More paradox. In order to focus and concentrate one's attention, one must know the surroundings of the target. I've often described my specialization as being a generalist. I hope that allows me to see the big picture and focalize others to what is important.

posted by Frank - Permanent Link - |

A Milestone of Sorts -- Broke through 200 subscribers via Bloglet email yesterday.
Nice little spike back around the time of the Promises and Prescriptions series. Given the ugly state of spam- and virus-ridden email these days, not bad. (oooh...I wrenched my shoulder patting myself on my back).

I wonder how many people subscribe to my RSS feed other than these folks, who have shared their subscription lists publicly, like I have.

Thanks for the interest.

posted by Frank - Permanent Link - |

Wednesday, March 17, 2004

Do the Right/Important Thing -- I've started setting aside a bit of time for cellulose-based reading, starting with some of the books that have looked interesting enough to acquire and suggest. Starting with Bill Jensen's Simplicity, I've come across a great quote from Lynn Mercer of Lucent...
We make sure everyone is relentless in asking "Am I figuring out what's important and doing what's right?" And for managers the question is "Am I letting others do what's right and important?" True success comes when you hit a crisis or rough spot, and people don't revert to old behaviors. That's the real hard part for all of us.
Too often, managers expect their charges to be responsible for the first question -- Have you ever come across "Ability to handle multiple priorities" as a category in an annual performance review? -- without addressing the second one themselves.

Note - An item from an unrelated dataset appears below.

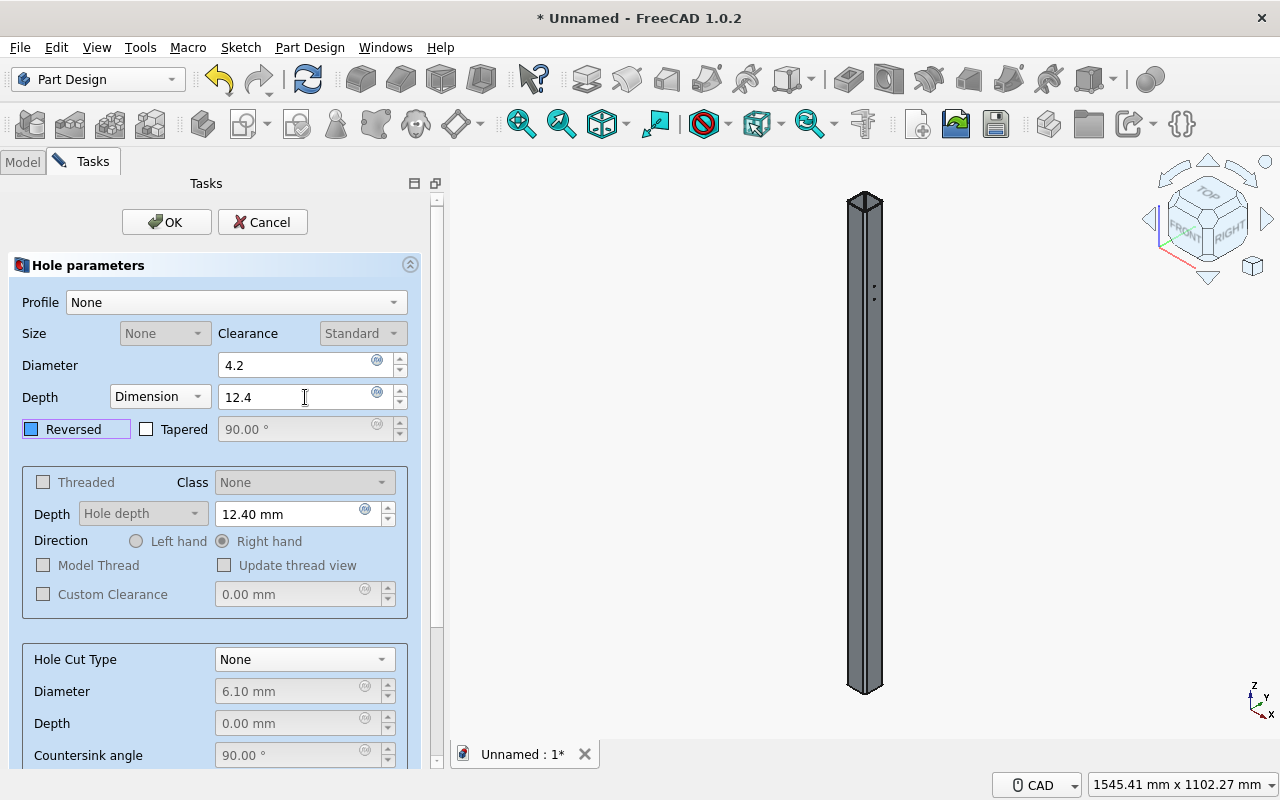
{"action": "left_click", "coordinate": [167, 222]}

On the closing point of the quote, it's a matter of habit to assure that crises don't trigger inappropriate behaviors. And consistent, institutionalized, easy to use processes -- the theme of Simplicity -- can help not only to get things done, but also to develop and support desired habits. It's the responsibility of management to build and maintain those processes so that everyone can focus on what's important and do what's right.

Next up...Waltzing with Bears: Managing Risk on Software Projects, by DeMarco and Lister.

posted by Frank - Permanent Link - |

Tuesday, March 16, 2004

Now Who's the Boss? - Lipstick Leader -- Watching last night's episode of Now Who's the Boss? on The Learning Channel, featuring an executive of Estee Lauder spending time in various roles at one of their subsidiaries, brought up painful memories. One of the experiences he dealt with was working on a lipstick finishing and packing line, totally embarrassing himself with lack of speed and quality in his performance. It took me back over thirty years to when I was a freshly graduated Industrial Engineer who foolishly sat down at a similar line at Lanvin-Charles of the Ritz to prove that a certain job could be done according to the standard I developed.

Big mistake.

'Nuff said.

One disappointment with the TLC show. Unlike it's PBS predecessor, "Back to the Floor," this show seemed to focus primarily on the comfort and discomfort of the executive as he pre-weighed and blended a batch of lip gloss, worked the line, ran a forklift, and applied make-up in a store rather than on meaningful lessons learned. In the PBS show, there was usually a full final segment on lessons learned, feeding back to his "bosses for the day" on the experience, and planning improvements based on what the executive encountered. It was cute to watch last night's subject panic when he had to apply mascara to a model. It would have been more interesting to discuss some 5S initiative to facilitate the finding of ingredients in the first segment and to question the silly, time-wasting punching in and out for lunch at the distribution center.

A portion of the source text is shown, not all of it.